# How to complete this task
Up to and including the line that holds "Please predict the", copy every line of the records below exactly, starting at the first; leave pictures out.

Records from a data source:
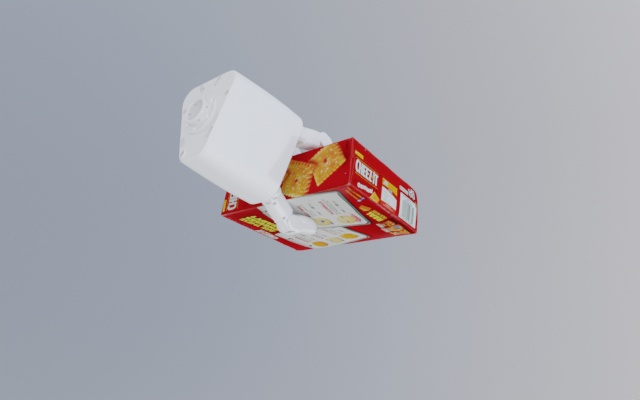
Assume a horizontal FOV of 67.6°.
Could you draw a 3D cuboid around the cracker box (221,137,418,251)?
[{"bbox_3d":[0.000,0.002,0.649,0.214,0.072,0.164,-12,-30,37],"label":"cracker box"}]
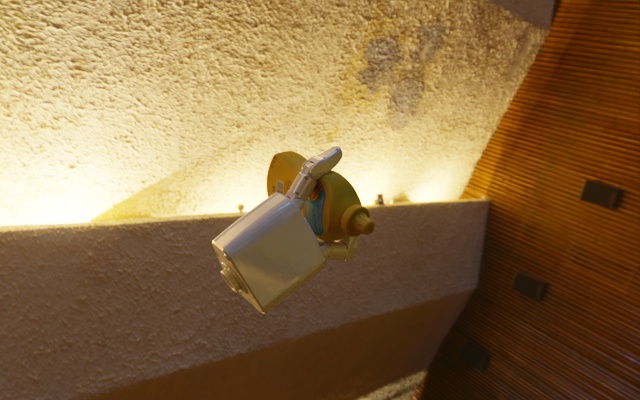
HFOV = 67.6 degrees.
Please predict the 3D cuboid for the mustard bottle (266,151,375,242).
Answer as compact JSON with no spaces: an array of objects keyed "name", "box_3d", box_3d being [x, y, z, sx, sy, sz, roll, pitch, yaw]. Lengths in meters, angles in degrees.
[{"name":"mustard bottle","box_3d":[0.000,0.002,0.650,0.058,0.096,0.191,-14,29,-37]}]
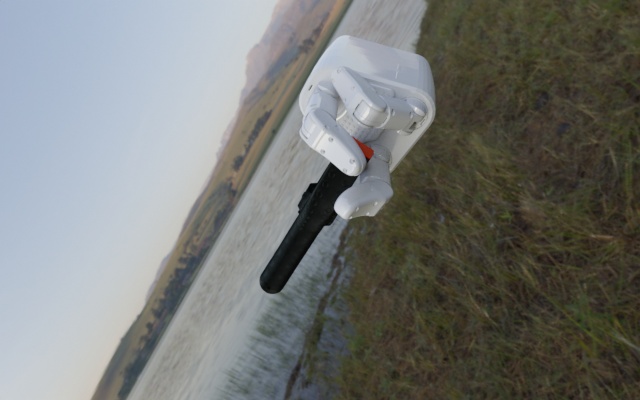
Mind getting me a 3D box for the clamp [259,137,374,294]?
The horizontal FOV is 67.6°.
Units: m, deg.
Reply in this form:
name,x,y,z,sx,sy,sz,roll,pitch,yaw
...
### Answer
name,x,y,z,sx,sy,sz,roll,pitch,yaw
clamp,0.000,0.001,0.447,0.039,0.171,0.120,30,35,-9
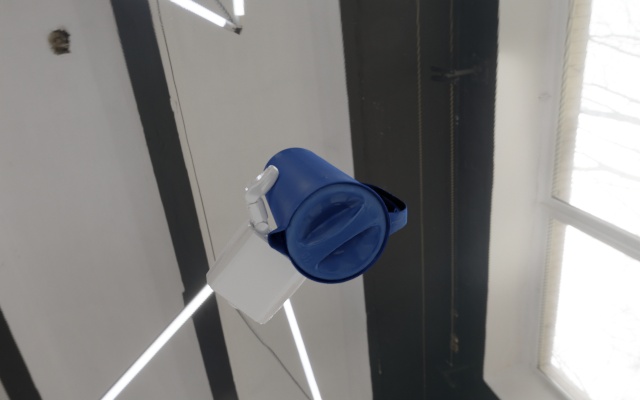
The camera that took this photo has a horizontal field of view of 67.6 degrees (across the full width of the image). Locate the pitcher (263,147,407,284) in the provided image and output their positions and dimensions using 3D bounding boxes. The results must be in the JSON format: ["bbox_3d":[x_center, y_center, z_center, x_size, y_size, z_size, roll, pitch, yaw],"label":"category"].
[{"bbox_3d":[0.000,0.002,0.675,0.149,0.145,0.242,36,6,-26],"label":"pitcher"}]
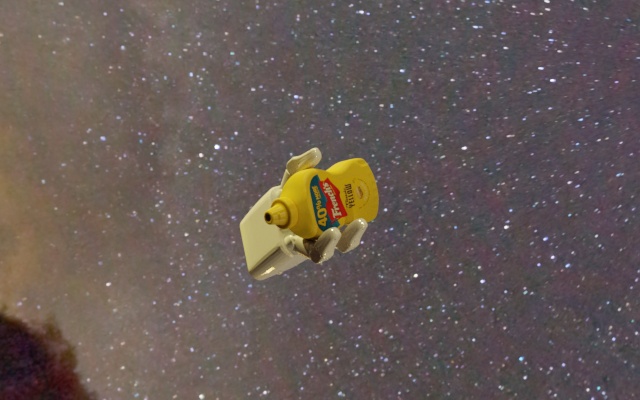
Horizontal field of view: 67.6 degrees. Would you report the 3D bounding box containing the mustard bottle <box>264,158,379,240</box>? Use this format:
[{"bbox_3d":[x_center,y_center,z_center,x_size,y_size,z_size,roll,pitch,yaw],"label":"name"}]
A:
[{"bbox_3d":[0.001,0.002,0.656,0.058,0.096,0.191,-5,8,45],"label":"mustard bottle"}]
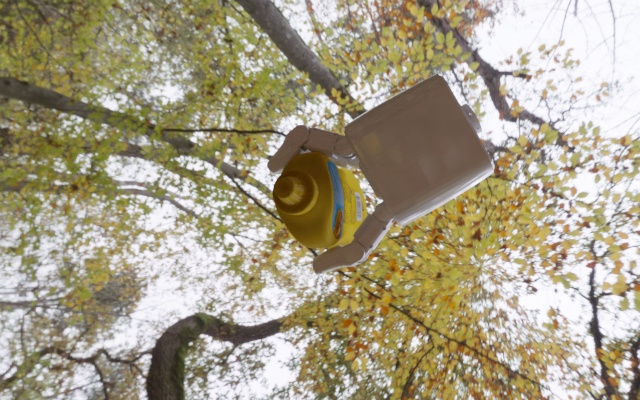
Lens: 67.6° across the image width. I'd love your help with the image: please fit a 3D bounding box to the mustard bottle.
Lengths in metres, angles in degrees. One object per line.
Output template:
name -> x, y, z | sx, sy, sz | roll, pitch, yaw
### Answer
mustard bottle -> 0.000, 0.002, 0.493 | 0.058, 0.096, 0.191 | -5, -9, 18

# Answer box
Assume a horizontal FOV of 67.6°.
Could you draw a 3D cuboid around the cracker box (221,137,418,251)?
[{"bbox_3d":[0.000,0.002,0.649,0.214,0.072,0.164,-12,-30,37],"label":"cracker box"}]
HFOV = 67.6 degrees.
Please predict the 3D cuboid for the mustard bottle (266,151,375,242).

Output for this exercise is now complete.